#### Description of the task:
Every record must appear in the response exactly as given.

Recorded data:

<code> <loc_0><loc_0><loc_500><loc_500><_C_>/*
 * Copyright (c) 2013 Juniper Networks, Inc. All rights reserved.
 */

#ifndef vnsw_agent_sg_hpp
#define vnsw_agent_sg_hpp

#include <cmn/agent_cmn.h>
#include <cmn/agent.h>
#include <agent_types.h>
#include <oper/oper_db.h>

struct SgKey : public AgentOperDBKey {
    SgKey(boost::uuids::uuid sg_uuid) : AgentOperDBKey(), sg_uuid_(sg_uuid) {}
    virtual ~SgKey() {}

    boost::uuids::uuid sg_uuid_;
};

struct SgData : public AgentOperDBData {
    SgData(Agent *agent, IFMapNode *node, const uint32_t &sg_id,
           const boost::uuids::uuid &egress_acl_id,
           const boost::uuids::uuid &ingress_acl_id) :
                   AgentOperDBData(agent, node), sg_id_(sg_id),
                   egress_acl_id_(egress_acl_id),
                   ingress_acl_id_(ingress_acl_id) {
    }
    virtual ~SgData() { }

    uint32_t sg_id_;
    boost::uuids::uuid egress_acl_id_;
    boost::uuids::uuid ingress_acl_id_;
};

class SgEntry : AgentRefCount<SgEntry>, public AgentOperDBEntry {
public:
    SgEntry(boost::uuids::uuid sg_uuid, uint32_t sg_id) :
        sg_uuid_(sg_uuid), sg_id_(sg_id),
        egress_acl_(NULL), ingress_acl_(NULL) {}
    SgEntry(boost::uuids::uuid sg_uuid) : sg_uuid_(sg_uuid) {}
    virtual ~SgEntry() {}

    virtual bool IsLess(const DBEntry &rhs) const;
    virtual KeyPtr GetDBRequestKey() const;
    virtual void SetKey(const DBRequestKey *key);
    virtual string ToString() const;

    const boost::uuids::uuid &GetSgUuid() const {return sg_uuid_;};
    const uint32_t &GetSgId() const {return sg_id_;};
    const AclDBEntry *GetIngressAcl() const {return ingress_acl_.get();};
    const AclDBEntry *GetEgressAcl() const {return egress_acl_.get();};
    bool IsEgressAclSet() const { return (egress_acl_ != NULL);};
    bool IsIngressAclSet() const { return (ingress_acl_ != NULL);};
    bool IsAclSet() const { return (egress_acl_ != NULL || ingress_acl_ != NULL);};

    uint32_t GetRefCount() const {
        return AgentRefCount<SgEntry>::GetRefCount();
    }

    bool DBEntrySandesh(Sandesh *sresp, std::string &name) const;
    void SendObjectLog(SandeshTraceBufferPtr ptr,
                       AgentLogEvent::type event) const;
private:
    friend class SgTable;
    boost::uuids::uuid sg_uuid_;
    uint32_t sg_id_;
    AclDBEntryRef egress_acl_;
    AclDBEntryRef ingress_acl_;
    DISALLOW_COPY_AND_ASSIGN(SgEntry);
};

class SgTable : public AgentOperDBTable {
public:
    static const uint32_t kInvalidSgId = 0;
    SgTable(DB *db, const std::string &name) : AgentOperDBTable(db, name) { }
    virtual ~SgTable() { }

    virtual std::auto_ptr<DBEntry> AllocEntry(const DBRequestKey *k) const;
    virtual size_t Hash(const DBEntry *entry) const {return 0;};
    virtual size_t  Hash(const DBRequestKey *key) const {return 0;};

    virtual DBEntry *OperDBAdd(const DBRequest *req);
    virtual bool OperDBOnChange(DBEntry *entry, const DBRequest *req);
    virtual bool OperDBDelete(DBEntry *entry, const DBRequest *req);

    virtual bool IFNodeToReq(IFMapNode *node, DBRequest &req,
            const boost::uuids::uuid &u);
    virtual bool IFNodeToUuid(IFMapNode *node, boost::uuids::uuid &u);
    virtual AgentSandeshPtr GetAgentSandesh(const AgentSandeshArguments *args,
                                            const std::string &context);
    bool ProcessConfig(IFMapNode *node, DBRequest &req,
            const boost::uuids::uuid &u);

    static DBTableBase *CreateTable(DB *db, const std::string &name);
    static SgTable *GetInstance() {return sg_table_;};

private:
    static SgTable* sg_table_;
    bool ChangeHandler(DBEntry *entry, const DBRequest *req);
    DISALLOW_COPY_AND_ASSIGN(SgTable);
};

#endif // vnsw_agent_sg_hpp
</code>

#### Reply:
<code> <loc_0><loc_0><loc_500><loc_500><_C_>/*
 * Copyright (c) 2013 Juniper Networks, Inc. All rights reserved.
 */

#ifndef vnsw_agent_sg_hpp
#define vnsw_agent_sg_hpp

#include <cmn/agent_cmn.h>
#include <cmn/agent.h>
#include <agent_types.h>
#include <oper/oper_db.h>

struct SgKey : public AgentOperDBKey {
    SgKey(boost::uuids::uuid sg_uuid) : AgentOperDBKey(), sg_uuid_(sg_uuid) {}
    virtual ~SgKey() {}

    boost::uuids::uuid sg_uuid_;
};

struct SgData : public AgentOperDBData {
    SgData(Agent *agent, IFMapNode *node, const uint32_t &sg_id,
           const boost::uuids::uuid &egress_acl_id,
           const boost::uuids::uuid &ingress_acl_id) :
                   AgentOperDBData(agent, node), sg_id_(sg_id),
                   egress_acl_id_(egress_acl_id),
                   ingress_acl_id_(ingress_acl_id) {
    }
    virtual ~SgData() { }

    uint32_t sg_id_;
    boost::uuids::uuid egress_acl_id_;
    boost::uuids::uuid ingress_acl_id_;
};

class SgEntry : AgentRefCount<SgEntry>, public AgentOperDBEntry {
public:
    SgEntry(boost::uuids::uuid sg_uuid, uint32_t sg_id) :
        sg_uuid_(sg_uuid), sg_id_(sg_id),
        egress_acl_(NULL), ingress_acl_(NULL) {}
    SgEntry(boost::uuids::uuid sg_uuid) : sg_uuid_(sg_uuid) {}
    virtual ~SgEntry() {}

    virtual bool IsLess(const DBEntry &rhs) const;
    virtual KeyPtr GetDBRequestKey() const;
    virtual void SetKey(const DBRequestKey *key);
    virtual string ToString() const;

    const boost::uuids::uuid &GetSgUuid() const {return sg_uuid_;};
    const uint32_t &GetSgId() const {return sg_id_;};
    const AclDBEntry *GetIngressAcl() const {return ingress_acl_.get();};
    const AclDBEntry *GetEgressAcl() const {return egress_acl_.get();};
    bool IsEgressAclSet() const { return (egress_acl_ != NULL);};
    bool IsIngressAclSet() const { return (ingress_acl_ != NULL);};
    bool IsAclSet() const { return (egress_acl_ != NULL || ingress_acl_ != NULL);};

    uint32_t GetRefCount() const {
        return AgentRefCount<SgEntry>::GetRefCount();
    }

    bool DBEntrySandesh(Sandesh *sresp, std::string &name) const;
    void SendObjectLog(SandeshTraceBufferPtr ptr,
                       AgentLogEvent::type event) const;
private:
    friend class SgTable;
    boost::uuids::uuid sg_uuid_;
    uint32_t sg_id_;
    AclDBEntryRef egress_acl_;
    AclDBEntryRef ingress_acl_;
    DISALLOW_COPY_AND_ASSIGN(SgEntry);
};

class SgTable : public AgentOperDBTable {
public:
    static const uint32_t kInvalidSgId = 0;
    SgTable(DB *db, const std::string &name) : AgentOperDBTable(db, name) { }
    virtual ~SgTable() { }

    virtual std::auto_ptr<DBEntry> AllocEntry(const DBRequestKey *k) const;
    virtual size_t Hash(const DBEntry *entry) const {return 0;};
    virtual size_t  Hash(const DBRequestKey *key) const {return 0;};

    virtual DBEntry *OperDBAdd(const DBRequest *req);
    virtual bool OperDBOnChange(DBEntry *entry, const DBRequest *req);
    virtual bool OperDBDelete(DBEntry *entry, const DBRequest *req);

    virtual bool IFNodeToReq(IFMapNode *node, DBRequest &req,
            const boost::uuids::uuid &u);
    virtual bool IFNodeToUuid(IFMapNode *node, boost::uuids::uuid &u);
    virtual AgentSandeshPtr GetAgentSandesh(const AgentSandeshArguments *args,
                                            const std::string &context);
    bool ProcessConfig(IFMapNode *node, DBRequest &req,
            const boost::uuids::uuid &u);

    static DBTableBase *CreateTable(DB *db, const std::string &name);
    static SgTable *GetInstance() {return sg_table_;};

private:
    static SgTable* sg_table_;
    bool ChangeHandler(DBEntry *entry, const DBRequest *req);
    DISALLOW_COPY_AND_ASSIGN(SgTable);
};

#endif // vnsw_agent_sg_hpp
</code>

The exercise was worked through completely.